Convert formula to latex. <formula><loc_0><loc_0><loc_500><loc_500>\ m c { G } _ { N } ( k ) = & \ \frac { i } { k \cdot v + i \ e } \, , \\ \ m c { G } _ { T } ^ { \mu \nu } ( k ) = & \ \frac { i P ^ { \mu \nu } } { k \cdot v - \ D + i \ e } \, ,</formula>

####################

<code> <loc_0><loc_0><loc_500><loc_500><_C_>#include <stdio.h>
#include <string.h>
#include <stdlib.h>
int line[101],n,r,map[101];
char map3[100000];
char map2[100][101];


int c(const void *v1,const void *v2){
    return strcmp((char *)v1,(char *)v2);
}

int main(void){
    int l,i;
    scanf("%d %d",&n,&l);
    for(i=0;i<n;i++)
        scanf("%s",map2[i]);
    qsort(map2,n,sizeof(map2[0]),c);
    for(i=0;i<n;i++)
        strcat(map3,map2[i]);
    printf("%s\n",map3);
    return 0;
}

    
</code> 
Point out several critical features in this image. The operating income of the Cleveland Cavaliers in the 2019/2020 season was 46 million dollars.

####################

Report how many lines of the preceding records include "code". Output the number only.

2